SUPPLIED INFORMATION:
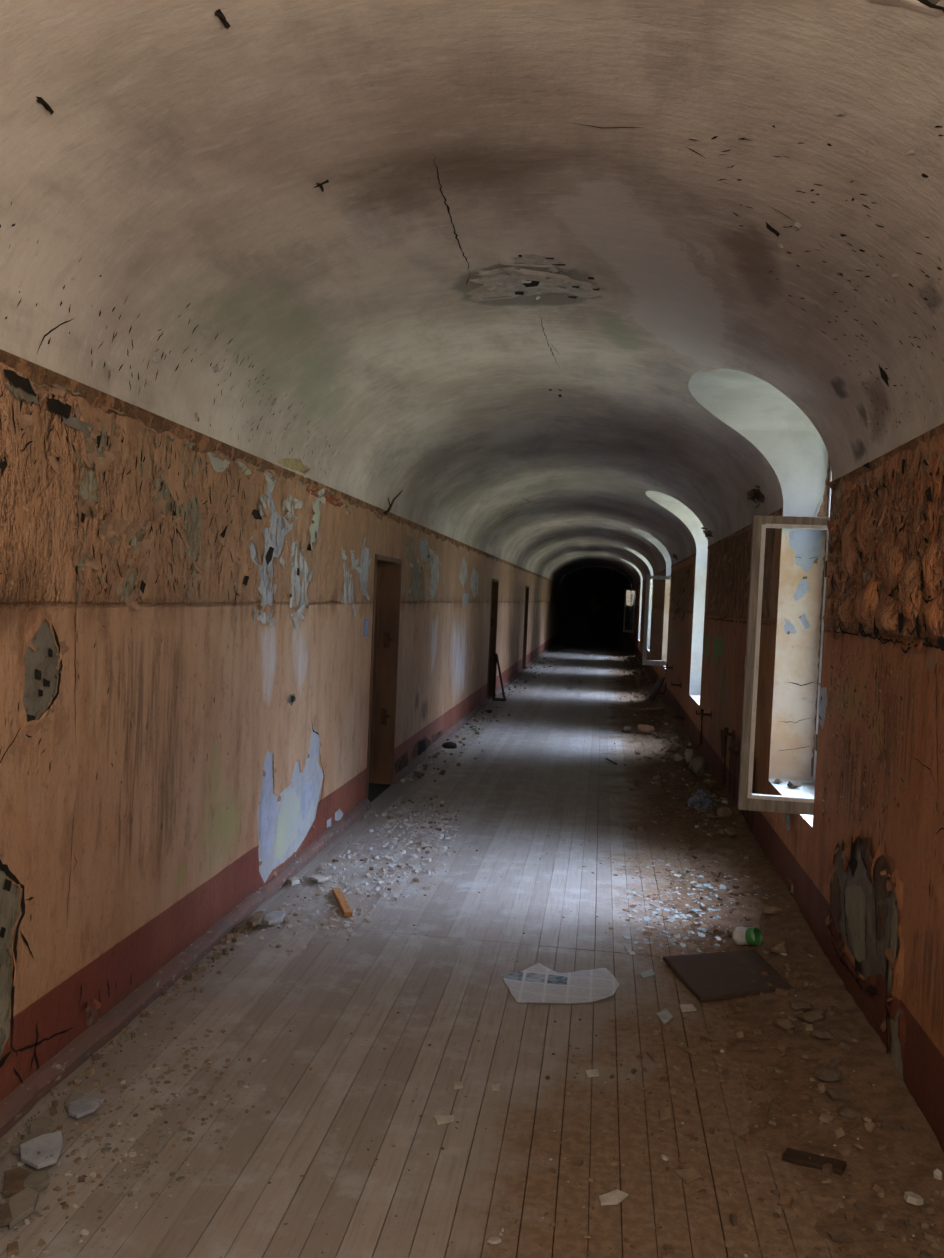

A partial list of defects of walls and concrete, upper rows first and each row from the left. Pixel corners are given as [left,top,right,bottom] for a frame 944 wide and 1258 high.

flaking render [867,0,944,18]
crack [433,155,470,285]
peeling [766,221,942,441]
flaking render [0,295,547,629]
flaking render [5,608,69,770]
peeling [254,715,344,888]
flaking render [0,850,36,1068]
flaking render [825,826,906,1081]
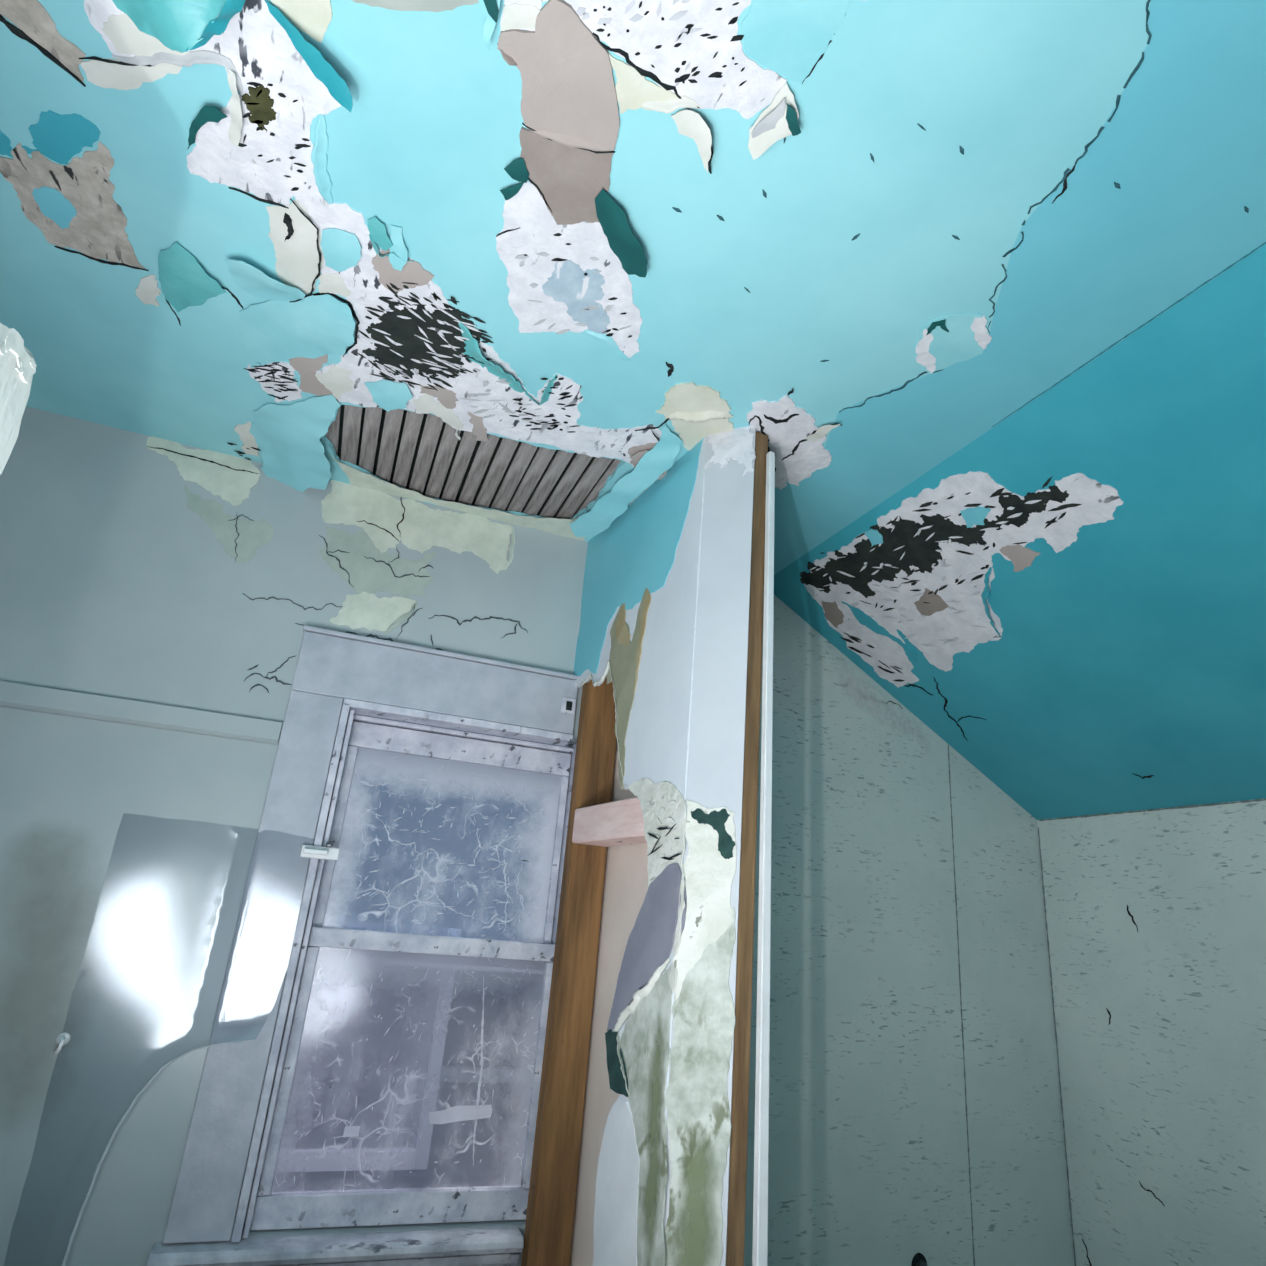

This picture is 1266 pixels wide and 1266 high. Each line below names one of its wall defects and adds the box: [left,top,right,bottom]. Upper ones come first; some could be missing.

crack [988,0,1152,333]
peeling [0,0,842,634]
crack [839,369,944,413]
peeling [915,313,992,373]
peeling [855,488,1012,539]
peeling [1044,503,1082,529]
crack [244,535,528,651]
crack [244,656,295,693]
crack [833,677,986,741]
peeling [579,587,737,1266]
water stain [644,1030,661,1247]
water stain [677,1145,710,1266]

---

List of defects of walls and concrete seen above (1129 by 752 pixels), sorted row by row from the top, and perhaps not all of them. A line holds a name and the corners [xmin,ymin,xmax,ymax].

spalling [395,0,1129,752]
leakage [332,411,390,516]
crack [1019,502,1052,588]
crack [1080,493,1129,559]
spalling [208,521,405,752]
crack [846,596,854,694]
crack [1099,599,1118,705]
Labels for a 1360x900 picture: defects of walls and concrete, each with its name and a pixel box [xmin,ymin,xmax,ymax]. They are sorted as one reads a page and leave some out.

* * *

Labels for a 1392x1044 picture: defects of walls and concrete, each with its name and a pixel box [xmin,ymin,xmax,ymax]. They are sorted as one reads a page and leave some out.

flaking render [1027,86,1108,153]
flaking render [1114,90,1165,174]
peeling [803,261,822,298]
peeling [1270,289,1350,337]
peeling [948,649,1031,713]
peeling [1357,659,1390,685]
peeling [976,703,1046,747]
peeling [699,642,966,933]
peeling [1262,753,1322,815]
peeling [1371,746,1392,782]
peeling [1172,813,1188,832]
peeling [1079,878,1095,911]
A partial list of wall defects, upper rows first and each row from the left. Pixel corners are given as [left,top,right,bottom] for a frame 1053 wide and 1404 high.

EXERCISE PROMPT: In the entries above, restate word for word the lines between the one holding "Labels for a 1392x1044" and the one holding "A partial list of wall", inclusive, and nothing besides.

WRITTEN RESPONSE:
Labels for a 1392x1044 picture: defects of walls and concrete, each with its name and a pixel box [xmin,ymin,xmax,ymax]. They are sorted as one reads a page and leave some out.

flaking render [1027,86,1108,153]
flaking render [1114,90,1165,174]
peeling [803,261,822,298]
peeling [1270,289,1350,337]
peeling [948,649,1031,713]
peeling [1357,659,1390,685]
peeling [976,703,1046,747]
peeling [699,642,966,933]
peeling [1262,753,1322,815]
peeling [1371,746,1392,782]
peeling [1172,813,1188,832]
peeling [1079,878,1095,911]
A partial list of wall defects, upper rows first and each row from the left. Pixel corners are given as [left,top,right,bottom] for a frame 1053 wide and 1404 high.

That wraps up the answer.